Superoxide dismutase (SOD) and catalase (CAT) can prevent acute lung injury caused by the oxidative effects of O₂ and H₂O₂. Uric acid inhibits the production of O₂ and OH, as well as PMN respiratory bursts. Vitamin E has some antioxidant properties but may increase the risk of nosocomial infections.

Inhibitors of the lipoxygenase and cyclooxygenase pathways, such as ibuprofen, can reduce thromboxane A2 and prostaglandins, inhibit the binding of complement to PMNs, and prevent PMN aggregation in the lungs.
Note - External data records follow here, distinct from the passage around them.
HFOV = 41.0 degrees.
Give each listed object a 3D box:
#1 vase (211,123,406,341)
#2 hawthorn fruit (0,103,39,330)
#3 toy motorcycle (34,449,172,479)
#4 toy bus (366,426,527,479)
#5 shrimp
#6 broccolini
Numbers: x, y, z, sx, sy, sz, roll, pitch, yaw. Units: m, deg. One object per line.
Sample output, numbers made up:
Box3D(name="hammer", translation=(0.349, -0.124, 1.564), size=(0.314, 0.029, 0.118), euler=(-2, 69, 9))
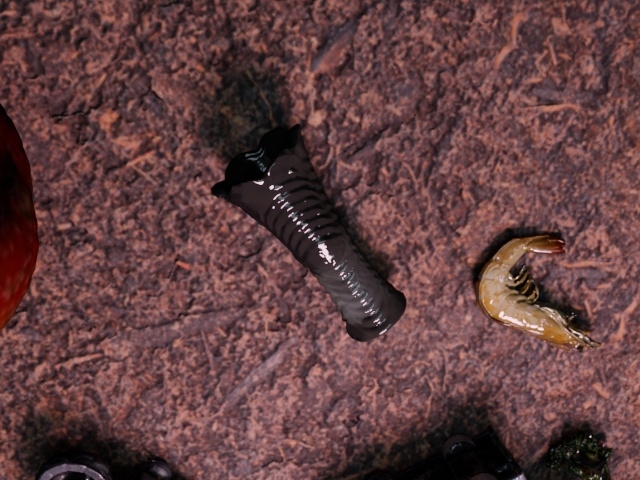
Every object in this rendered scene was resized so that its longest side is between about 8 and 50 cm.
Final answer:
Box3D(name="vase", translation=(0.000, 0.000, 0.923), size=(0.115, 0.115, 0.237), euler=(-37, 112, 5))
Box3D(name="hawthorn fruit", translation=(-0.455, -0.008, 0.736), size=(0.403, 0.403, 0.403), euler=(-2, 107, -6))
Box3D(name="toy motorcycle", translation=(-0.209, 0.360, 1.000), size=(0.307, 0.108, 0.173), euler=(29, 106, -12))
Box3D(name="toy bus", translation=(0.138, 0.341, 1.029), size=(0.234, 0.116, 0.133), euler=(-26, 111, -1))
Box3D(name="shrimp", translation=(0.270, 0.059, 1.007), size=(0.178, 0.034, 0.124), euler=(23, 96, -8))
Box3D(name="broccolini", translation=(0.382, 0.334, 1.108), size=(0.254, 0.071, 0.057), euler=(47, 55, -23))

Immunotherapy treats ARDS by neutralizing disease-causing factors, combating inflammatory mediators, and inhibiting effector cells. Currently, extensively researched approaches include anti-endotoxin antibodies, anti-TNF, IL-1, IL-6, IL-8, as well as antibodies or drugs targeting cell adhesion molecules.

bubble_chart Prognosis

The prognosis of ARDS is not only related to whether the rescue measures are appropriate but also often associated with the patient's primary disease, complications, and response to treatment. For example, if severe infection-induced sepsis is not controlled, the prognosis is extremely poor. The mortality rate of ARDS complicating bone marrow transplantation is almost 100%. If multiple organ failure occurs, the prognosis is extremely poor and related to the number and speed of affected organs. For instance, if three organ failures persist for more than one week, the mortality rate can be as high as 98%. After active treatment, if pulmonary vascular resistance continues to increase, it indicates a poor prognosis. For ARDS caused by fat embolism, with aggressive management and mechanical ventilation, a 90% survival rate can be achieved. Acute pulmonary edema and ARDS caused by irritant gases generally have better outcomes if the patient is removed from the exposure site and treated promptly. Additionally, if ARDS patients show a significant increase in PaO₂ after PEEP0.98 (10cmH₂O) treatment, the prognosis is relatively favorable. Most patients whose ARDS symptoms are rapidly alleviated can recover fully. Among the 40% of ARDS survivors with abnormal lung function, 20% exhibit obstructive ventilation impairment, 30% have reduced diffusion capacity, and 25% show a decrease in PaO₂ during exercise.

bubble_chart Prevention

High-risk patients should be closely monitored and given intensive care. Once manifestations of lung injury such as rapid respiration and decreased PaO₂ are observed, respiratory support and other effective preventive and interventional measures should be administered early while treating the primary condition, to prevent the progression of ARDS and injury to vital organs.